Aim of the task
The expected answer is a verbatim transcription of the lines below, beginning with the first and ending with the line that holds "Make the answer very short. Yes.", without pictures.

Dataset excerpts:
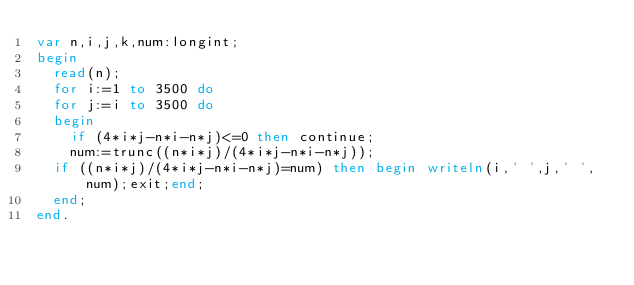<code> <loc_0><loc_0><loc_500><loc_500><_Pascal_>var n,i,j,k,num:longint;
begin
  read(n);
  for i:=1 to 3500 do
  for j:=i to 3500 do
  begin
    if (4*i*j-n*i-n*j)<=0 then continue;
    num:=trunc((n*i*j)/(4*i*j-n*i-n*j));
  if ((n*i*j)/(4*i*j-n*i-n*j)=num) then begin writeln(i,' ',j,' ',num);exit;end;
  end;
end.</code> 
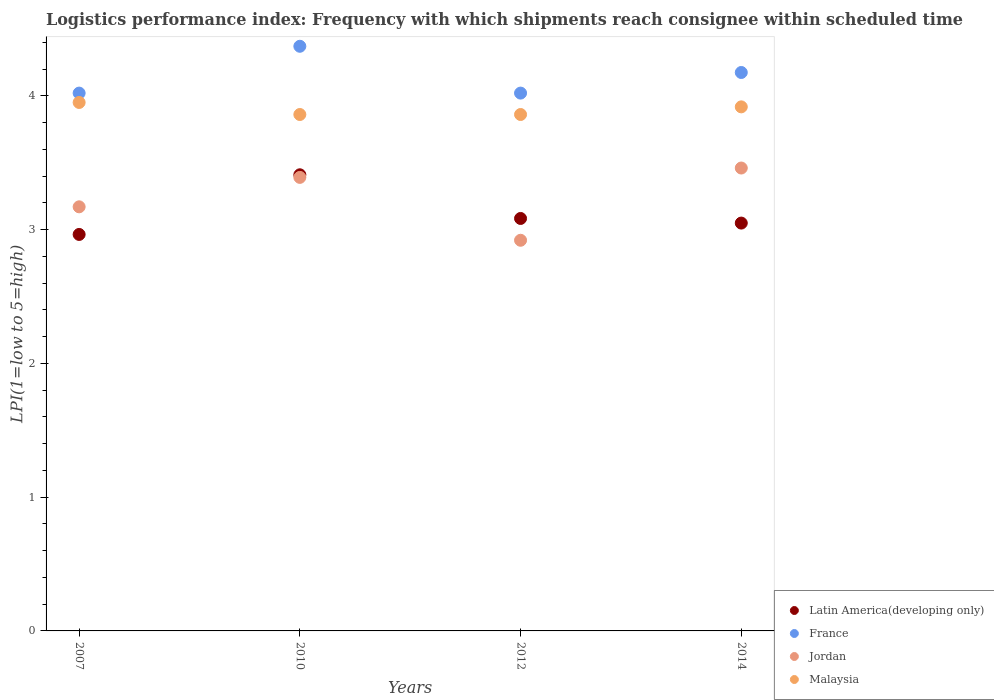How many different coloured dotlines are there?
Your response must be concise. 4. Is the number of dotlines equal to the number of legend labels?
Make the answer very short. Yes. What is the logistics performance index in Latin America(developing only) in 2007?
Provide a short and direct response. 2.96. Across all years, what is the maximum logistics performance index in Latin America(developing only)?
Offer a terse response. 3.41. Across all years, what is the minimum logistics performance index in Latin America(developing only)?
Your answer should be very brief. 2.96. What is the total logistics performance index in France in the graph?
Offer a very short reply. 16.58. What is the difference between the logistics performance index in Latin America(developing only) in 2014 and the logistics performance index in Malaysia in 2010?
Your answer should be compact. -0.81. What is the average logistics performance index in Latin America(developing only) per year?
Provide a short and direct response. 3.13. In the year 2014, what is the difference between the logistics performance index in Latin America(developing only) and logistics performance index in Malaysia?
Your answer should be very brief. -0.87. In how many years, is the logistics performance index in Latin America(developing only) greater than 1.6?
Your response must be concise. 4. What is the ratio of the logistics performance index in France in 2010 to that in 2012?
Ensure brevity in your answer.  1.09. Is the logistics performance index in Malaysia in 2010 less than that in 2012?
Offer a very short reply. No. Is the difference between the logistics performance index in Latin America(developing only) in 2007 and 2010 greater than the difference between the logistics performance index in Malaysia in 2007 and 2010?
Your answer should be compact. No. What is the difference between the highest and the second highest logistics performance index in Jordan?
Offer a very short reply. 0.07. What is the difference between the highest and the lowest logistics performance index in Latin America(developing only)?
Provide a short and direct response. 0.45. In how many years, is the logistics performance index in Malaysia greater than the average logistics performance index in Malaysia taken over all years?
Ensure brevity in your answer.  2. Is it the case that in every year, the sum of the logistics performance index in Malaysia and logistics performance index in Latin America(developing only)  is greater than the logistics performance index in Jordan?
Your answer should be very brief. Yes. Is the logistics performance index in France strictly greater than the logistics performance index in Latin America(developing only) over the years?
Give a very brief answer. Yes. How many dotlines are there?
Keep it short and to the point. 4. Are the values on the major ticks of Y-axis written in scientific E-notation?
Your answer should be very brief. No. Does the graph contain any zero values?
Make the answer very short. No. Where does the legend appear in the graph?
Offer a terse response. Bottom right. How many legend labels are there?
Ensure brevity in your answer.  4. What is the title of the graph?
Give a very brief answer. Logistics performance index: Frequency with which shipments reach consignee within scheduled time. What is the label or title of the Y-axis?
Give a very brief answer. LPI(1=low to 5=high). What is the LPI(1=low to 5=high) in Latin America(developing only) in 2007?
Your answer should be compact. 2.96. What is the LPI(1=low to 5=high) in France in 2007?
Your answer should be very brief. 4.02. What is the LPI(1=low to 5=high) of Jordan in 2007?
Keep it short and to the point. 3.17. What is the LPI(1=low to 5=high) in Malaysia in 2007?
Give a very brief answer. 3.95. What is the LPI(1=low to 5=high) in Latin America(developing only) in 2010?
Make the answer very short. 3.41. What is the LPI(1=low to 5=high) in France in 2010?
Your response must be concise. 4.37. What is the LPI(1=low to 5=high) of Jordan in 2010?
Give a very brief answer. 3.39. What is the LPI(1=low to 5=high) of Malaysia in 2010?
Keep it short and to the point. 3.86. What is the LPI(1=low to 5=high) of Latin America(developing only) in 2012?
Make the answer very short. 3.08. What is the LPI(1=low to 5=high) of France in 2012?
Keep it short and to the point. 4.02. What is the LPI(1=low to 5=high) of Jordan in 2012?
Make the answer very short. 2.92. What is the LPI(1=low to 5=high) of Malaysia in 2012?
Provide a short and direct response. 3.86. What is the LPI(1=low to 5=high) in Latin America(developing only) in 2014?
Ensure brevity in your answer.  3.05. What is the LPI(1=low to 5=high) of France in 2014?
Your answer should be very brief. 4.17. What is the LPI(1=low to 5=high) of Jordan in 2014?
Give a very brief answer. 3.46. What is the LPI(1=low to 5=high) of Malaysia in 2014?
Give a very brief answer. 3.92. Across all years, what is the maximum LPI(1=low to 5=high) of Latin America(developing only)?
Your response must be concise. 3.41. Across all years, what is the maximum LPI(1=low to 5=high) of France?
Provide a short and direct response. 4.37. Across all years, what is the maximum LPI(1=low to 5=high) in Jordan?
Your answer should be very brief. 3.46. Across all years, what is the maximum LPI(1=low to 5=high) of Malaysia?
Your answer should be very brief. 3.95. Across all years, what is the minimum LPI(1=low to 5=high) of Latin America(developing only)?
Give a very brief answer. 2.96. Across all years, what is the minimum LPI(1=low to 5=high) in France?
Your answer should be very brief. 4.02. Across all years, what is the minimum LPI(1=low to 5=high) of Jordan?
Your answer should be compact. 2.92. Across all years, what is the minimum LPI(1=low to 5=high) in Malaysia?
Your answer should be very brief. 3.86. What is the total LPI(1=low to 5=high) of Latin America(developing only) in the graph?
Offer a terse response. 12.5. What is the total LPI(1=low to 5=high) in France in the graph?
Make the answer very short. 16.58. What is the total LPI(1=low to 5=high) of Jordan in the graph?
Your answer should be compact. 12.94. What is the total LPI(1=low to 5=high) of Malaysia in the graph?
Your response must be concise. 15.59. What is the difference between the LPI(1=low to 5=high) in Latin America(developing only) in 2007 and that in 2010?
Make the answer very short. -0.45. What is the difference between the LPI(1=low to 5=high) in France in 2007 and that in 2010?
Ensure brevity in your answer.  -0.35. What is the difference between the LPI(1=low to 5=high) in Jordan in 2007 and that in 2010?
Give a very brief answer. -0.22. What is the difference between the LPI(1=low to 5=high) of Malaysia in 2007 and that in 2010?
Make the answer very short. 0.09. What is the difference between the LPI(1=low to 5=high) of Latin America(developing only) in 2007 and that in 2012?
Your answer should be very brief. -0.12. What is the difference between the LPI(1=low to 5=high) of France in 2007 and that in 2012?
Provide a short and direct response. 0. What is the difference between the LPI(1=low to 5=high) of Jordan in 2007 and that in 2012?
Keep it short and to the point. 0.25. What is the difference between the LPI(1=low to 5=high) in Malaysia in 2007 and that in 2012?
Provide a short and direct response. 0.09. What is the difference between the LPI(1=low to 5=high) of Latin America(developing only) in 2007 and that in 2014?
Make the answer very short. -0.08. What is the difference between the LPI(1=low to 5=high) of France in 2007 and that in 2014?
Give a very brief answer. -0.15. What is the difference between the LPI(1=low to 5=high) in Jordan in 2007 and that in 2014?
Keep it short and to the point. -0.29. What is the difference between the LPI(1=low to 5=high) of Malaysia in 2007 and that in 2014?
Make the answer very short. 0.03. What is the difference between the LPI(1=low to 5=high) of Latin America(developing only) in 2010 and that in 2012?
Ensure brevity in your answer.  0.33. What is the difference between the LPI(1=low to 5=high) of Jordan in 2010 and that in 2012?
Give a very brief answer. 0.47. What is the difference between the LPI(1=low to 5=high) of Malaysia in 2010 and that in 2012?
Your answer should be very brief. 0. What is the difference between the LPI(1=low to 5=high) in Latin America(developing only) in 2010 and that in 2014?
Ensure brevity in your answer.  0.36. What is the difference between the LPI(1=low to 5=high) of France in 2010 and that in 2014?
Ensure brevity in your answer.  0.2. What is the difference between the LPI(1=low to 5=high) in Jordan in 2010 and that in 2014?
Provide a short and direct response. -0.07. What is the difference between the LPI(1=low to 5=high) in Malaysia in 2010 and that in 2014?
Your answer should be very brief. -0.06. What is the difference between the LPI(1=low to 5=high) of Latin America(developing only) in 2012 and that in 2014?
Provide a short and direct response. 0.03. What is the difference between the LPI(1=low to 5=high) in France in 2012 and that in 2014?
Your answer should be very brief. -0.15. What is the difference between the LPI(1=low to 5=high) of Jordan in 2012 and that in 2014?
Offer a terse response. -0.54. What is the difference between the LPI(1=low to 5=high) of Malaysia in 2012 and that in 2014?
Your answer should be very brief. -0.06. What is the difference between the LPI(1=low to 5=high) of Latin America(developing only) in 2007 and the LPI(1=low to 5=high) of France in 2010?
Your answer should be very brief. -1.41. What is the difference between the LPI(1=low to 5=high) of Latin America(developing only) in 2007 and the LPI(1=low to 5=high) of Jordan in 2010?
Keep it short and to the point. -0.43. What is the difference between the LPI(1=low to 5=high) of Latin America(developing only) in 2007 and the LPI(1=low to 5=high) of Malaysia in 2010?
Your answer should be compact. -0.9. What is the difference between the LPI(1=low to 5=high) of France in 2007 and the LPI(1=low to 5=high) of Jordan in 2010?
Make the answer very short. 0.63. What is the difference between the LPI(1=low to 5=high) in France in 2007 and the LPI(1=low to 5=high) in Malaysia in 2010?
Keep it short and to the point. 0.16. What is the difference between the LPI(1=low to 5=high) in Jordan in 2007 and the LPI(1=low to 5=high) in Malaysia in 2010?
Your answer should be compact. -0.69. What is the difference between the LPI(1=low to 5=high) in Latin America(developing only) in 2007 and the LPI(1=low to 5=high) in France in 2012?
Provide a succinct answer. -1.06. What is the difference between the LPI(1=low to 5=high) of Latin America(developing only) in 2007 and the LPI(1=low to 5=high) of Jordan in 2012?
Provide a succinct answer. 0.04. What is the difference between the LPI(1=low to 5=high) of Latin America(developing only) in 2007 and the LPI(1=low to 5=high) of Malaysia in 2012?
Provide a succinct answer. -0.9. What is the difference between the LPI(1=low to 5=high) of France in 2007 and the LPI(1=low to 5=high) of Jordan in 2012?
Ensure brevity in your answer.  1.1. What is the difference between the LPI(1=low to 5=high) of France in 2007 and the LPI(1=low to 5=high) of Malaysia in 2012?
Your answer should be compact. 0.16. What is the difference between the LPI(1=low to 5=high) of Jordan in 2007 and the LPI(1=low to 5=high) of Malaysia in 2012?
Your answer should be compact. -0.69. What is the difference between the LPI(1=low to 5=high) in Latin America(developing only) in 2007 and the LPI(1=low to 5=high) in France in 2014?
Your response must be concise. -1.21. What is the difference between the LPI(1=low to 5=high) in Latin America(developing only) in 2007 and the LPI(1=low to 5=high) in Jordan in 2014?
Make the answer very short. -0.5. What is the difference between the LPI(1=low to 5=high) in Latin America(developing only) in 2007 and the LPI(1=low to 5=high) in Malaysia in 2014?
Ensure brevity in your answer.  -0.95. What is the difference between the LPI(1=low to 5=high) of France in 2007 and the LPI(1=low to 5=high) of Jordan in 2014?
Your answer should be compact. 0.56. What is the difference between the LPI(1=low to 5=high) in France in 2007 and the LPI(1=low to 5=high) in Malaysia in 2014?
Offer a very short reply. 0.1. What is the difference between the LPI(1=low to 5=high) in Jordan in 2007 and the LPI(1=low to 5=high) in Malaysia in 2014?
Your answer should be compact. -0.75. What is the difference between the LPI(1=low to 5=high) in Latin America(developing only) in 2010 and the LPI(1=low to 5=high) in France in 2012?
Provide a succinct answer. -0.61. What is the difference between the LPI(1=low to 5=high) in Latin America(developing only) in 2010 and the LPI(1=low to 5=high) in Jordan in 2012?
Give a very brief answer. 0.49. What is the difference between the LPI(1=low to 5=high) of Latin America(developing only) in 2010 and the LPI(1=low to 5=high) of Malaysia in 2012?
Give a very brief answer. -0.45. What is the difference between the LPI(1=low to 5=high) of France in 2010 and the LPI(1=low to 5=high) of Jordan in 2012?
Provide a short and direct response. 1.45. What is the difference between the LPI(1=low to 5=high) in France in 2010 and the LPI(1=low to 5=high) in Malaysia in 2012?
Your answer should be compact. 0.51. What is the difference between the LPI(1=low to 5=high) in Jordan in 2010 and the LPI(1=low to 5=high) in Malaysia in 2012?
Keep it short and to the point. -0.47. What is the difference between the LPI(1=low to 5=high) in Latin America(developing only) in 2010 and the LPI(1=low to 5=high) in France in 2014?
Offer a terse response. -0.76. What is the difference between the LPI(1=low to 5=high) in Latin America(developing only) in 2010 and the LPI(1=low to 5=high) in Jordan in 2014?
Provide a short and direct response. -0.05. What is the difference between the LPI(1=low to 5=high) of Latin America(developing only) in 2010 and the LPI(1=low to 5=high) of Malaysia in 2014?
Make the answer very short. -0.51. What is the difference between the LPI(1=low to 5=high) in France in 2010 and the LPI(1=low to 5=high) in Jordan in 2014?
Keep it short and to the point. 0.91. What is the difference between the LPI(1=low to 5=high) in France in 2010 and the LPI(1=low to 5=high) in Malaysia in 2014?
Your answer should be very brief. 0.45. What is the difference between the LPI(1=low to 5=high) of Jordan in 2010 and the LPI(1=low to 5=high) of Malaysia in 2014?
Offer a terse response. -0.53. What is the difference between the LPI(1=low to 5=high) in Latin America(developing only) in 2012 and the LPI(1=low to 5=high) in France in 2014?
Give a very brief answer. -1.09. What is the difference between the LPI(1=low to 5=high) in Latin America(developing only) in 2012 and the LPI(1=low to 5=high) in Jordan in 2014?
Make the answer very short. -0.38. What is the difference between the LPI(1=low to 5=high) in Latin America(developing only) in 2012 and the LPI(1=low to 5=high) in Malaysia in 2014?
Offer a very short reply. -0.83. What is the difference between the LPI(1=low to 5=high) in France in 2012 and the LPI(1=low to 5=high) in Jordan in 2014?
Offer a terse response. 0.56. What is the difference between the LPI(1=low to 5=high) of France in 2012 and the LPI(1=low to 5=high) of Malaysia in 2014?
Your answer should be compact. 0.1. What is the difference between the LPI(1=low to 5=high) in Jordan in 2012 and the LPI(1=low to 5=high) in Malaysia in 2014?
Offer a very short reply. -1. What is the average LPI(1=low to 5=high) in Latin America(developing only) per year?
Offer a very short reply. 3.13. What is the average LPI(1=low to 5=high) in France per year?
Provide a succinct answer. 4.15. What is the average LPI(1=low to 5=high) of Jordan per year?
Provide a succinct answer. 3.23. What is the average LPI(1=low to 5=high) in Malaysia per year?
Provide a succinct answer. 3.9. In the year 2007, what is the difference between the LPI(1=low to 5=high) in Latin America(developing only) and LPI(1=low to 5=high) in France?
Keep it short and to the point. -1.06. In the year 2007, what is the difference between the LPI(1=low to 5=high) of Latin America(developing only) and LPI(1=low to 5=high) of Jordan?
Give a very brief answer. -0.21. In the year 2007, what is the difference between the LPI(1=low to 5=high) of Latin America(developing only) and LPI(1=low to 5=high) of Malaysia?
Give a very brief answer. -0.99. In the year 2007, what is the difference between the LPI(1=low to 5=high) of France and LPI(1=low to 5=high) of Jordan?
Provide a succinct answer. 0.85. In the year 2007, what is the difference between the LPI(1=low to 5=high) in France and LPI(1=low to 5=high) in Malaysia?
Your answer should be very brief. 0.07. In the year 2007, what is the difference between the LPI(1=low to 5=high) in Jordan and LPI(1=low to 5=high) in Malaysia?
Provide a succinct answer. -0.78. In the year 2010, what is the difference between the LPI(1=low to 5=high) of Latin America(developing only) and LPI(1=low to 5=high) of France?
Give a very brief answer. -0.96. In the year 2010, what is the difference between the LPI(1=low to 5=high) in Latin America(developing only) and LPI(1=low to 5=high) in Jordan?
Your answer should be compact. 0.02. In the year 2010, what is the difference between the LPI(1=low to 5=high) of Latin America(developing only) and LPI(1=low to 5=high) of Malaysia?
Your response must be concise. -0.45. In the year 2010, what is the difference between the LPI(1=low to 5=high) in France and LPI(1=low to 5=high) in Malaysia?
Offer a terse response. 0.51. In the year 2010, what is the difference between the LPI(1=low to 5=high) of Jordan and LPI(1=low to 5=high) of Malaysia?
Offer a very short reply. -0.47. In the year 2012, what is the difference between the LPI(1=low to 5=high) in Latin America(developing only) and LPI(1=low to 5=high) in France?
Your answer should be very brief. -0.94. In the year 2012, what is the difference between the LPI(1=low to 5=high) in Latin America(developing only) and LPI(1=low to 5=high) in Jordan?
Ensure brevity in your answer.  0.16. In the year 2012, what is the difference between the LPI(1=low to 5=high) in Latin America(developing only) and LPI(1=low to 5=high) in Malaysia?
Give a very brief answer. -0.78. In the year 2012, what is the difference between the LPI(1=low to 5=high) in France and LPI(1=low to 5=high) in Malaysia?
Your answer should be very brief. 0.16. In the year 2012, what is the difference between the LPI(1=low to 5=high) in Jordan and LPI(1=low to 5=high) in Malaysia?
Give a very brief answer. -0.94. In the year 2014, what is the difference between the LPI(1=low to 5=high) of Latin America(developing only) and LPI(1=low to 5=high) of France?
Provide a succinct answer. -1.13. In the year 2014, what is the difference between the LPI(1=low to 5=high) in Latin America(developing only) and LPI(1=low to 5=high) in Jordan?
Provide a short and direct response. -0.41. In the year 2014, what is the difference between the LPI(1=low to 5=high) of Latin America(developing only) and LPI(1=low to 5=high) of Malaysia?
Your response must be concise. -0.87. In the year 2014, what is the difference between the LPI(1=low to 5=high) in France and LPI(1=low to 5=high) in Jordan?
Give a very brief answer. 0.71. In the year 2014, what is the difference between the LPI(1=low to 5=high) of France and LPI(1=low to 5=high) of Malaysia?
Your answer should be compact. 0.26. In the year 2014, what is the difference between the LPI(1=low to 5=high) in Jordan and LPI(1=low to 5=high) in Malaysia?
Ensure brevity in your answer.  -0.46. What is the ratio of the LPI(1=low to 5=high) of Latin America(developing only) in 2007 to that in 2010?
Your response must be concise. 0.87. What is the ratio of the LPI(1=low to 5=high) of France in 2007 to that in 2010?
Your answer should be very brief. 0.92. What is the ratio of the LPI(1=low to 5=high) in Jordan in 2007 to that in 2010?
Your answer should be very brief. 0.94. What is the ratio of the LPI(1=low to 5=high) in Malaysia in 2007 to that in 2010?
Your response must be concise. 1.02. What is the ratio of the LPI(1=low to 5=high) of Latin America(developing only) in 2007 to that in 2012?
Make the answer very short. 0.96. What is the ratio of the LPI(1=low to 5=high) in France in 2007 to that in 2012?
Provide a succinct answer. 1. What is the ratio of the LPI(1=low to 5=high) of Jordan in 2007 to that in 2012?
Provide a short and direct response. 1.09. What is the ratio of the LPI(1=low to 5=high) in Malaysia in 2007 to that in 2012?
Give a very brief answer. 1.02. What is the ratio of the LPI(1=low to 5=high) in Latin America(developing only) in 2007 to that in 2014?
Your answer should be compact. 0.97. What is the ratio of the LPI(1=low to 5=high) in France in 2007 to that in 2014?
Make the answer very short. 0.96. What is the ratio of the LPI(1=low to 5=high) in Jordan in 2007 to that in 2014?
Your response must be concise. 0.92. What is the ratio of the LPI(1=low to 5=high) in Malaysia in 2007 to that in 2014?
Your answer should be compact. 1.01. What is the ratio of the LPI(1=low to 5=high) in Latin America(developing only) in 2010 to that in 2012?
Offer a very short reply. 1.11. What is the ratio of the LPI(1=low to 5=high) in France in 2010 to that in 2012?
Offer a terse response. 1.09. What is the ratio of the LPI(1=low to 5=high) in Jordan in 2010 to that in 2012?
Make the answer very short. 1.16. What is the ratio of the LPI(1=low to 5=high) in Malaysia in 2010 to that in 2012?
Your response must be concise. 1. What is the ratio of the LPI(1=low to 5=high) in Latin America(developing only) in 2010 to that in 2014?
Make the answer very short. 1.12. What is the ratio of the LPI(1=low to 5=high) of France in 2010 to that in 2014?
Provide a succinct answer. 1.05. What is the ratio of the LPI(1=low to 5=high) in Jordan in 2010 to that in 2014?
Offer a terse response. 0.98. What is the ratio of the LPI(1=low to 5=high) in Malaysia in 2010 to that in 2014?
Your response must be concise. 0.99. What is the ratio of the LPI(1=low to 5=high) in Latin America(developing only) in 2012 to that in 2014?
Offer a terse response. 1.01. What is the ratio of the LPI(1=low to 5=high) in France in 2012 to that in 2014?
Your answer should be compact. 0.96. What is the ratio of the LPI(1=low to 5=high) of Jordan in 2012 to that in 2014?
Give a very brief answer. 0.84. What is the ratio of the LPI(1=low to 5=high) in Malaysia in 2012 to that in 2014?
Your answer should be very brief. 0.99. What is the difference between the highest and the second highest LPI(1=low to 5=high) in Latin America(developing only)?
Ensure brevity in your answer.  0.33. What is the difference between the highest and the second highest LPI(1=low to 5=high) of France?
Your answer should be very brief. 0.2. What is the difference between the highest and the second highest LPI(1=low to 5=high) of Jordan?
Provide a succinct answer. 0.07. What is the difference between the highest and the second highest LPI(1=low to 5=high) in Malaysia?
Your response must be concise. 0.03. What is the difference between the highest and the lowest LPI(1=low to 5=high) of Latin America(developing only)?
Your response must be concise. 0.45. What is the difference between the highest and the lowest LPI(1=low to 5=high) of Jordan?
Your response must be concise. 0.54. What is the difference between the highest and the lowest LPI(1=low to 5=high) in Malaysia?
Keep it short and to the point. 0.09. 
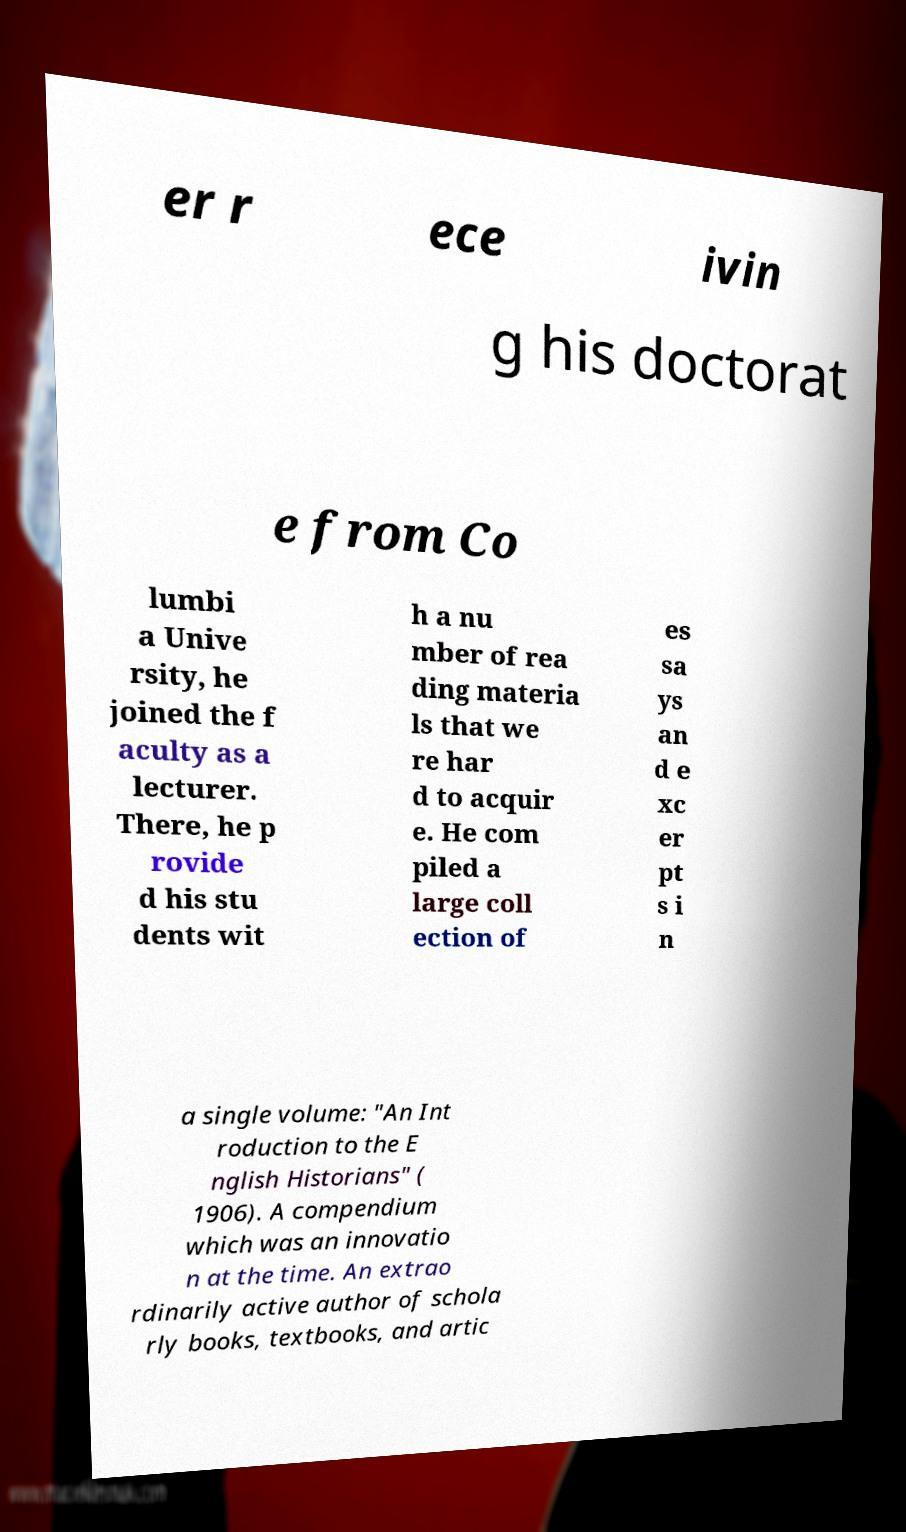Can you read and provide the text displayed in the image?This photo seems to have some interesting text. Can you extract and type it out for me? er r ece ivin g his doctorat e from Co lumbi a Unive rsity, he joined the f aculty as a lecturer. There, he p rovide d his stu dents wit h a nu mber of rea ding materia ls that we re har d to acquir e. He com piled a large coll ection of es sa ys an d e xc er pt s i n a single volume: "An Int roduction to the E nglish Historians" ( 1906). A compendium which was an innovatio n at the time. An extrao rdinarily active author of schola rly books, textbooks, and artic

Answer section
<code> <loc_0><loc_0><loc_500><loc_500><_Pascal_>var n,i,j,k,num:longint;
begin
  read(n);
  for i:=1 to 3500 do
  for j:=i to 3500 do
  begin
    if (4*i*j-n*i-n*j)<=0 then continue;
    num:=trunc((n*i*j)/(4*i*j-n*i-n*j));
  if ((n*i*j)/(4*i*j-n*i-n*j)=num) then begin writeln(i,' ',j,' ',num);exit;end;
  end;
end.</code> 
How many different coloured dotlines are there?
Your response must be concise. 4. Is the number of dotlines equal to the number of legend labels?
Make the answer very short. Yes. What is the logistics performance index in Latin America(developing only) in 2007?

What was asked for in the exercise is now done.